Dr. Sanjay Awasthi, Professor of the Department of Internal Medicine, Division of Hematology & Oncology, Texas Tech University Health Sciences Center and Medical Director, Southwest Cancer Center Lubbock, Texas, added, "The apparent ability in pre-clinical trials of WP1066 to stimulate the patient’s natural immune response and simultaneously inducing tumor cell death by inhibiting the activated form of STAT3 is highly promising and unique. Importantly, based on current scientific findings, such properties should be extremely valuable in developing improved treatments for AML patients and expanding their therapeutic options.

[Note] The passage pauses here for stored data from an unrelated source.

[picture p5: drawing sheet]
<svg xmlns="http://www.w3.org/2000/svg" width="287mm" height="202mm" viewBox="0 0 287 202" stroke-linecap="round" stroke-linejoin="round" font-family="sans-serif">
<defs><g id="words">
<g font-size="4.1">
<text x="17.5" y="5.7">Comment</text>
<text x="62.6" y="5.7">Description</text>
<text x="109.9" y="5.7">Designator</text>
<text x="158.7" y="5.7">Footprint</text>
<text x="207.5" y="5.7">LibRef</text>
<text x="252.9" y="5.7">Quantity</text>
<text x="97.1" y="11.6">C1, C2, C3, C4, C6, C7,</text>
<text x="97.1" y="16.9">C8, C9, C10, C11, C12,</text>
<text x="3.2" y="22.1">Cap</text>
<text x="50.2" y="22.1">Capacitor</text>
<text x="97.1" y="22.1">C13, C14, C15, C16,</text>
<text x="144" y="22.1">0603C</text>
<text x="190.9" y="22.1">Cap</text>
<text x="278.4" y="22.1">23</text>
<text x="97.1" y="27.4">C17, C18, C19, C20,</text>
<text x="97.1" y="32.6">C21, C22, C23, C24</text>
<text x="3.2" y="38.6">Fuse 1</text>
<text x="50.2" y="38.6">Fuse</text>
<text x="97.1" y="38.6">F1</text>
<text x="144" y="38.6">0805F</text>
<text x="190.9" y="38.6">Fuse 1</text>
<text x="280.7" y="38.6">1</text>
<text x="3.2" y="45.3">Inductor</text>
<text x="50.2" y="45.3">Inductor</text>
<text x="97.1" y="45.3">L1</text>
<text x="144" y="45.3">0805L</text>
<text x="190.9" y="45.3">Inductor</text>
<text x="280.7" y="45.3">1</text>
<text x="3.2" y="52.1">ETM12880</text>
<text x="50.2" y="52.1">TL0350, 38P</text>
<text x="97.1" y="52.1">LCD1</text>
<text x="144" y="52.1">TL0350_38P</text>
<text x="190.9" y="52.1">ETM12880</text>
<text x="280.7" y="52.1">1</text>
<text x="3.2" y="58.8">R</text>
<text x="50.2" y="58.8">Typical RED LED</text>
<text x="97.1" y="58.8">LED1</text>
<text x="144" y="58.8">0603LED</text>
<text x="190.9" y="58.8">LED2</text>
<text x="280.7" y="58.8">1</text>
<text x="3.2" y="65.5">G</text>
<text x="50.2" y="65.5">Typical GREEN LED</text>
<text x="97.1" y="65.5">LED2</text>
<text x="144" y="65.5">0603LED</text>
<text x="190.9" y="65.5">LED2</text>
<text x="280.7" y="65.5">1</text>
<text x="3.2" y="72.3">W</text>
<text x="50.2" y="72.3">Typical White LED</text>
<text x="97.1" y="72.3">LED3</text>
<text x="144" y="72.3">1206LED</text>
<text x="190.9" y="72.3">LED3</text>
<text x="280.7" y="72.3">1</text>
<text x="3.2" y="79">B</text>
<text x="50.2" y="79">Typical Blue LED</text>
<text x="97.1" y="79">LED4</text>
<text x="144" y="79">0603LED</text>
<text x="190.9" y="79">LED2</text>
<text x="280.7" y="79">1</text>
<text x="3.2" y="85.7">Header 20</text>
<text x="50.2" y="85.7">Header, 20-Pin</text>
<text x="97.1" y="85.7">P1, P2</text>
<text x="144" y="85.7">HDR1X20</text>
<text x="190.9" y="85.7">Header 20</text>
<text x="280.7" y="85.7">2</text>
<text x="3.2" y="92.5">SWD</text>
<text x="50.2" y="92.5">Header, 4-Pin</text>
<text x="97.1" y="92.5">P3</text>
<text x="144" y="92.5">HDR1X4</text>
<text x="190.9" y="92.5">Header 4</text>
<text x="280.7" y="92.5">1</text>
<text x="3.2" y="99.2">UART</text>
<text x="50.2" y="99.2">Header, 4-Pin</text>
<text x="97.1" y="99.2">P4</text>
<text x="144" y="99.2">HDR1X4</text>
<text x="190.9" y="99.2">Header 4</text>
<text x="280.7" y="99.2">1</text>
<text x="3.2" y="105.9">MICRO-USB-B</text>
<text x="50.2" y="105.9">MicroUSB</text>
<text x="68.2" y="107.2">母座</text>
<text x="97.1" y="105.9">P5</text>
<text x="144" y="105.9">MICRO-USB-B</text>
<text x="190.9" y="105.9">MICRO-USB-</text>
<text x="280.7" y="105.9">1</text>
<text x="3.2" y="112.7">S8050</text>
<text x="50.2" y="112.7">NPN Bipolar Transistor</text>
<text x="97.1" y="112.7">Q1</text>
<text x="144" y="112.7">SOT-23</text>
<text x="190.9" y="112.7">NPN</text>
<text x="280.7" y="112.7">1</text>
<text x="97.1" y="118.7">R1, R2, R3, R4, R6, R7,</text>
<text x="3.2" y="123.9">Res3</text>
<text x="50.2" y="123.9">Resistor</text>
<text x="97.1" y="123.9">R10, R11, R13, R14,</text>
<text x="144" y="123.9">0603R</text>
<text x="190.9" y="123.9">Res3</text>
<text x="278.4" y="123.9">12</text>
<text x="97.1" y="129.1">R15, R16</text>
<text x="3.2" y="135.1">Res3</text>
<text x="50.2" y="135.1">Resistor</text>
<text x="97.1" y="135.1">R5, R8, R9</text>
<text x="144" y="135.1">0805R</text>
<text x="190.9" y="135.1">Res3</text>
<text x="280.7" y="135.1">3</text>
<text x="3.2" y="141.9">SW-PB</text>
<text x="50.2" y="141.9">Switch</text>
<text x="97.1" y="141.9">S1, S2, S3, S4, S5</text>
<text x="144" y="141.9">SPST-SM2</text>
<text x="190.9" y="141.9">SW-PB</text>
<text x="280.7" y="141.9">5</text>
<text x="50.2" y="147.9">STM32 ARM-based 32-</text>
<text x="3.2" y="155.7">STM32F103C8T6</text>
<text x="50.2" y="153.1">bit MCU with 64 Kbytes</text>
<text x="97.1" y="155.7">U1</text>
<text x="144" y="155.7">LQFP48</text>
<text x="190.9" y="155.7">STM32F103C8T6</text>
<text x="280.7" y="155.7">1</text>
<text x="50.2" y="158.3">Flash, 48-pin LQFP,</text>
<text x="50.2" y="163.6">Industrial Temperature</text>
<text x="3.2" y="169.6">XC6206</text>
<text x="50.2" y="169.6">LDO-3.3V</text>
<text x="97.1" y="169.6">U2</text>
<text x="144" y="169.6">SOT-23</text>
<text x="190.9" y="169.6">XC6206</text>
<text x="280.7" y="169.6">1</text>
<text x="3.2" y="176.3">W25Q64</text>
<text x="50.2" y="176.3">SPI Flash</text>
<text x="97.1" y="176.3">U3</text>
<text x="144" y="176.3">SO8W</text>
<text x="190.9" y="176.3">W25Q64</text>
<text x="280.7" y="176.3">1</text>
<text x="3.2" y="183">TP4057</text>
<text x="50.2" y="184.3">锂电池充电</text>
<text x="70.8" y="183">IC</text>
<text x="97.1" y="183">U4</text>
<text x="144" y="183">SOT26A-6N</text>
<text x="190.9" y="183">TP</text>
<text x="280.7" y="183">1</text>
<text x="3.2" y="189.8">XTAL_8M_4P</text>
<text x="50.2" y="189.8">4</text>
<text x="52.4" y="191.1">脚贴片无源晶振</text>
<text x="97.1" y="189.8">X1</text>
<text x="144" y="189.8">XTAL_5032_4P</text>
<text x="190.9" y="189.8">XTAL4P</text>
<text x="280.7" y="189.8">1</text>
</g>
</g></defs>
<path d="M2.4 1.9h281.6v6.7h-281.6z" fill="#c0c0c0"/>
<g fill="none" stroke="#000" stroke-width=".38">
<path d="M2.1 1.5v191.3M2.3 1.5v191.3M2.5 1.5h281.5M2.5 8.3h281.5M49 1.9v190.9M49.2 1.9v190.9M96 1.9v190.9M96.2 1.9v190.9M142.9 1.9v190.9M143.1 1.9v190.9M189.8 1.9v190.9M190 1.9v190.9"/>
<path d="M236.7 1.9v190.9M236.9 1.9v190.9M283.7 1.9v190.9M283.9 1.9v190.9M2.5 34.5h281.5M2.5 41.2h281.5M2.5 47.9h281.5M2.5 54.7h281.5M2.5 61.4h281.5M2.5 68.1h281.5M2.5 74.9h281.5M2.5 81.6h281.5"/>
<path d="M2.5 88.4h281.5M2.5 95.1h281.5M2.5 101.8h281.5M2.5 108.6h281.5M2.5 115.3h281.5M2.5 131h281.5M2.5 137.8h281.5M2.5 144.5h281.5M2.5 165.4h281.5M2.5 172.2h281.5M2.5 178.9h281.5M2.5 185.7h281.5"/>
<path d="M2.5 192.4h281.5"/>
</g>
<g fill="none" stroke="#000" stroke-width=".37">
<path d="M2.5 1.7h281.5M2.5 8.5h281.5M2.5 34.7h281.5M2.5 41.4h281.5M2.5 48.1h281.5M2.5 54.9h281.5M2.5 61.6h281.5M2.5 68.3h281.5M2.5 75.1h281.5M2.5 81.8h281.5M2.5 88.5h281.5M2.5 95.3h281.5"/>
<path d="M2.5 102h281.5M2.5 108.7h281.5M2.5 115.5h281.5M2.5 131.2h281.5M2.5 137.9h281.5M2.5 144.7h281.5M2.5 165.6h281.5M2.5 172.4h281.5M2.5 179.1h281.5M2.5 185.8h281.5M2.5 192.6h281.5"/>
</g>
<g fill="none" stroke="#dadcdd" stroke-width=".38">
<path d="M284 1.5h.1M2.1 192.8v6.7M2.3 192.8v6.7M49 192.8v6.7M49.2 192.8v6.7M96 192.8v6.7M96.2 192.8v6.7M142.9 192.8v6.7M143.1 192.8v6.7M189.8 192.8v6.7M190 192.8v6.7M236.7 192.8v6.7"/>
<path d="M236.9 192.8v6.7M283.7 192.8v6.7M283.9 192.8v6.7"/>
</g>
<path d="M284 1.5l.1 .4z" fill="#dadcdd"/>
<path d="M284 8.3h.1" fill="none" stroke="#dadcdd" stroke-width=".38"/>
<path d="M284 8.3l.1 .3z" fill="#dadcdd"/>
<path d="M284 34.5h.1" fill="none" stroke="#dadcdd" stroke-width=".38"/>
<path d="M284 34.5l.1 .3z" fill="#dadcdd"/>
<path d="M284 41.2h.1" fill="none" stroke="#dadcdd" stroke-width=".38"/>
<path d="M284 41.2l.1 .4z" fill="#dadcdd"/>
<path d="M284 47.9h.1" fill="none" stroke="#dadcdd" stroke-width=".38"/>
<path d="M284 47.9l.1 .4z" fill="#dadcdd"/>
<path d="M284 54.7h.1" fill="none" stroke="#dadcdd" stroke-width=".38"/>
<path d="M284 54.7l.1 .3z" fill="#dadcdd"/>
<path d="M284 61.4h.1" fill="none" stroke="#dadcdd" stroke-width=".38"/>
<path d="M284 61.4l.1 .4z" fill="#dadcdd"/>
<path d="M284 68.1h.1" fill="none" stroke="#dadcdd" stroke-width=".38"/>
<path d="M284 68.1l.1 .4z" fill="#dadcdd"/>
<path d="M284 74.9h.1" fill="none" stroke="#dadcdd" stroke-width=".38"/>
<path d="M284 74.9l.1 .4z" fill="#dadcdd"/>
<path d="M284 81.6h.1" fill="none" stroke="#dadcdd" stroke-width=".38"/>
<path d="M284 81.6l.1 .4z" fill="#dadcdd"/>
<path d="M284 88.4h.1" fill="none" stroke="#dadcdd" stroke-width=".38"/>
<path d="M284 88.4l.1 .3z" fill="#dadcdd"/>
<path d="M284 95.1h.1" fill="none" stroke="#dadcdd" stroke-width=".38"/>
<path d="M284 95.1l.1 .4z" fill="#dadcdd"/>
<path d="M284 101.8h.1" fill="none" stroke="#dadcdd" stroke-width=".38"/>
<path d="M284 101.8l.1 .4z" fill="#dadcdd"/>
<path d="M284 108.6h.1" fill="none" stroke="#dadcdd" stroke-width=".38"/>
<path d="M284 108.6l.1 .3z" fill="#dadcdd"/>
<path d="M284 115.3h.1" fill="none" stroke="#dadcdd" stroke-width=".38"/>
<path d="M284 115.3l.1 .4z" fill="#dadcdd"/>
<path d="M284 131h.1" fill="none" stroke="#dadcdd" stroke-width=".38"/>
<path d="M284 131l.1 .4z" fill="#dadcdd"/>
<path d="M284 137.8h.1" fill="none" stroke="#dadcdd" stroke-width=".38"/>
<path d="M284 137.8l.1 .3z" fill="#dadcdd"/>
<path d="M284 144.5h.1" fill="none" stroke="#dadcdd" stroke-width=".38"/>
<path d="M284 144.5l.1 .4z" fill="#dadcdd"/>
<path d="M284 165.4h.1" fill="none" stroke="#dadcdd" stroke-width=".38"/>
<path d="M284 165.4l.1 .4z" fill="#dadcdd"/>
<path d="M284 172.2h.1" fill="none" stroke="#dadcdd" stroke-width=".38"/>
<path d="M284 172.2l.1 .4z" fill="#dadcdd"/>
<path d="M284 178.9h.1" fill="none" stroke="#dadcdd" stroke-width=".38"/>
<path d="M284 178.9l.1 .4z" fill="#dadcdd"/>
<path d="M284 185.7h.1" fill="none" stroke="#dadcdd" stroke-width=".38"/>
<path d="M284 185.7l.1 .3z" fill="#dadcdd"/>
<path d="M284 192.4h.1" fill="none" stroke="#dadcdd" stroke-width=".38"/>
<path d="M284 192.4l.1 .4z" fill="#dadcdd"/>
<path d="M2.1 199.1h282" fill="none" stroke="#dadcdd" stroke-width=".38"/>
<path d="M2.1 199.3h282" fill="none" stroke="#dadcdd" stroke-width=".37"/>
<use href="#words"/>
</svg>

"We are clearly excited to see what Moleculin’s Annamycin can do for relapsed or refractory AML patients in the Company’s recently launched clinical trial," continued Dr. Awasthi, "thus given the potential for an even broader arsenal of AML drugs, we are encouraging Moleculin to expand their AML clinical research to include this novel immuno-stimulating STAT3 inhibitor drug candidate."

Another noted AML expert, Dr. Jorge Cortes, is also encouraging Moleculin’s clinical expansion, commenting: "AML appears to be associated with a significant increase in the activation of STAT3 and many of us in the AML clinical community have been eager to test the ability of a STAT3 inhibitor to treat AML patients. Part of the difficulty in pursuing this path has been finding a safe and effective STAT3 inhibitor and, if successful, WP1066 may have finally opened this pathway."

Mr. Klemp concluded: "Of course, our first priority will be to demonstrate single agent activity in both Annamycin and WP1066, but we see exploring the potential for synergistic effect as a longer-term opportunity as well."